Before Jody he had been lonely. There had always been women, but their presence only added to the loneliness. After his mother died it’d got worse. He’d gone to Bangkok to meet girls who wanted a western husband. Had a fortnight there, interviewing one girl after another, so many of them it was difficult to choose. Their quiet obedience was impressive, their flowing dresses and bright black eyes. He’d learned some magic there as well, on the banks of the Chao Phraya River. The magic of the void. The importance of Zero.
Back in England he almost got around to ordering one of those girls.
If it hadn’t been for the man in the Adult Shop suggesting he have a look at the work of J. C. Nott, Diamond Danny would have got himself a Thai wife and he’d never have met Jody at all.
On reflection Danny was confident that he’d made the right choice. In a way a Thai girl would have been an attempt to replace his mother, and you can’t do that. You can’t replace your mother, not ever. Jody wasn’t anything like a mother.
She was a work of art.
Marilyn waited in the street and when the magician drove out of his garage she followed at a discreet distance in her mother’s car.

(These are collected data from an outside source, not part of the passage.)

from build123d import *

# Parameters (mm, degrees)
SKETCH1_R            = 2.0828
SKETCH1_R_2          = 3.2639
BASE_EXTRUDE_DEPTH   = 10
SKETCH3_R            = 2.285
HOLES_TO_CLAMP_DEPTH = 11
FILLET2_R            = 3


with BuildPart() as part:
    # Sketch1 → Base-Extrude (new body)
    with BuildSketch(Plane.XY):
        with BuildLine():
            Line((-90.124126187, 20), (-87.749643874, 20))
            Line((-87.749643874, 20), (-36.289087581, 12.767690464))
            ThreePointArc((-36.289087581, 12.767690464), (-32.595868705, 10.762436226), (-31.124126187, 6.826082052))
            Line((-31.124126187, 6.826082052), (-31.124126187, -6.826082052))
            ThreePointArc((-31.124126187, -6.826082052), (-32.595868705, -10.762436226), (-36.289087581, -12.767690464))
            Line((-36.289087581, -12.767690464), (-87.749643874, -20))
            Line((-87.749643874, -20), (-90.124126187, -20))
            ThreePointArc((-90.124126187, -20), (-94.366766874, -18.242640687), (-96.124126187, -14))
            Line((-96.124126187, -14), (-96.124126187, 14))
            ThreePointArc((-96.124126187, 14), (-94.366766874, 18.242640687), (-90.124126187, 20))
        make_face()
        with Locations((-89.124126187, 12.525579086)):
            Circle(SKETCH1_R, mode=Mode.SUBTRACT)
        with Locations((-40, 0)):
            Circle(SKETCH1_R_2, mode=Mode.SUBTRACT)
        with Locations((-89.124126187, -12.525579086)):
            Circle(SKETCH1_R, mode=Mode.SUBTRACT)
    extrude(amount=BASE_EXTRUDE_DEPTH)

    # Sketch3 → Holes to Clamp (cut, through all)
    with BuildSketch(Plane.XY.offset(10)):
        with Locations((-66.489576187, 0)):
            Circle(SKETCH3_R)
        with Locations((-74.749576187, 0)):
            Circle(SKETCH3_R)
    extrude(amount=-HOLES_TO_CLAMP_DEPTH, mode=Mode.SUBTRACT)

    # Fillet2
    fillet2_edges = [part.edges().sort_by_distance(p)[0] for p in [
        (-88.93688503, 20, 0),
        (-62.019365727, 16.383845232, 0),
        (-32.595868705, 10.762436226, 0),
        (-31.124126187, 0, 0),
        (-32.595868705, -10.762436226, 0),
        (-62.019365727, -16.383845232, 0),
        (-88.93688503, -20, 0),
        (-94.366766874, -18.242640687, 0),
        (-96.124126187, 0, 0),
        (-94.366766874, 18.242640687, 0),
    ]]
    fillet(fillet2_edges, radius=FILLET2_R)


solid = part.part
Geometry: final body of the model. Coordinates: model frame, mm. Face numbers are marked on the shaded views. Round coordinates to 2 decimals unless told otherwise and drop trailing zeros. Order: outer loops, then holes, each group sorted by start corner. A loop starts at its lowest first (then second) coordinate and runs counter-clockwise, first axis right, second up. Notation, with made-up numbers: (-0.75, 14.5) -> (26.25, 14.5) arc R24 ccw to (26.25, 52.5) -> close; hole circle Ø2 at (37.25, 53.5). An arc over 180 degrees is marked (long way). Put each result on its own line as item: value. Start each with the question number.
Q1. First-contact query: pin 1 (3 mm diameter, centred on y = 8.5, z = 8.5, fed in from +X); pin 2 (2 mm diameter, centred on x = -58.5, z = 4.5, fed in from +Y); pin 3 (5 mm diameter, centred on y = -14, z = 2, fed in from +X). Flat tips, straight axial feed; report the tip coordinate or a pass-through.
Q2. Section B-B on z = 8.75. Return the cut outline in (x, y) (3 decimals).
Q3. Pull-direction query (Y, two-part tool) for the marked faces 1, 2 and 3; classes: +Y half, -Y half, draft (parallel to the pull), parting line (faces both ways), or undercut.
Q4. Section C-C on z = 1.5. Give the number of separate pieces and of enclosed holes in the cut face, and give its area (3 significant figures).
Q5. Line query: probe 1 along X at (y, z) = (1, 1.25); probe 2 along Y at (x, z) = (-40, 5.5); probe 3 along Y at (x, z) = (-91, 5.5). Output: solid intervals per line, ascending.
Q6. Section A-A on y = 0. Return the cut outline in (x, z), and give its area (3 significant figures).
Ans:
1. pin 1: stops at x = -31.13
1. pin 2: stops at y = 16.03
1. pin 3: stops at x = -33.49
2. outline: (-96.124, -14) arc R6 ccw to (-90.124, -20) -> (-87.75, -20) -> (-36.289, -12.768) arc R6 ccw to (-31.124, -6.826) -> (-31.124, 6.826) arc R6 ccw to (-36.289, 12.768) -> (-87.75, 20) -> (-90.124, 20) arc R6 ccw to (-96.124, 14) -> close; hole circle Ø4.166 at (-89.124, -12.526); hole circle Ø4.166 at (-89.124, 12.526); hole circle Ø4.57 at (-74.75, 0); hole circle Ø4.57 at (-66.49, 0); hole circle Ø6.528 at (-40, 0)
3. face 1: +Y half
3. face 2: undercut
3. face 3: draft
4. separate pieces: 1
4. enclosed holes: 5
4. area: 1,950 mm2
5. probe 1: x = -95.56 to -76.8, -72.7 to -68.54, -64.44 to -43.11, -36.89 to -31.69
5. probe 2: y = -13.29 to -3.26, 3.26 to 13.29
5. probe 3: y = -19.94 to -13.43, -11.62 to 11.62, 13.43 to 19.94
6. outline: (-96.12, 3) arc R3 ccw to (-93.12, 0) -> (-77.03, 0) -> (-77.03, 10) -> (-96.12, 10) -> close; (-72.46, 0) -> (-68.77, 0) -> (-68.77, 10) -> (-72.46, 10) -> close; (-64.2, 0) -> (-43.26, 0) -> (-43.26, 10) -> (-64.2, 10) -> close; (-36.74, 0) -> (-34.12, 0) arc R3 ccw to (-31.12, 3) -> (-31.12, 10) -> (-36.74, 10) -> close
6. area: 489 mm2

He followed a route out of York, through the flooded main street of Fulford and along the A19 in the direction of Selby. When he pulled into the left, behind a plantation of conifers, she drove past and parked by the side of the road. She left Ellen’s car and walked back. She could see Danny’s car in the driveway of a large gabled house but Danny was no longer behind the wheel.
She avoided the pebbled drive and pushed her way through the trees. The house was quiet, the windows showing only empty rooms. There was no movement and no sound of voices.
In a small garden around the side of the house she found
Hibiscus sinosyriacus
‘Autumn Surprise’, brilliant and cheerful against the dark soil. She plucked the flower from the stem and carried it back to Danny’s car, thinking she would tuck it beneath his wiper-blades. But as she approached the car she could see that the locks were standing proud. With a glance towards the house she pulled open the driver’s door and kissed the flower before placing it on his dashboard.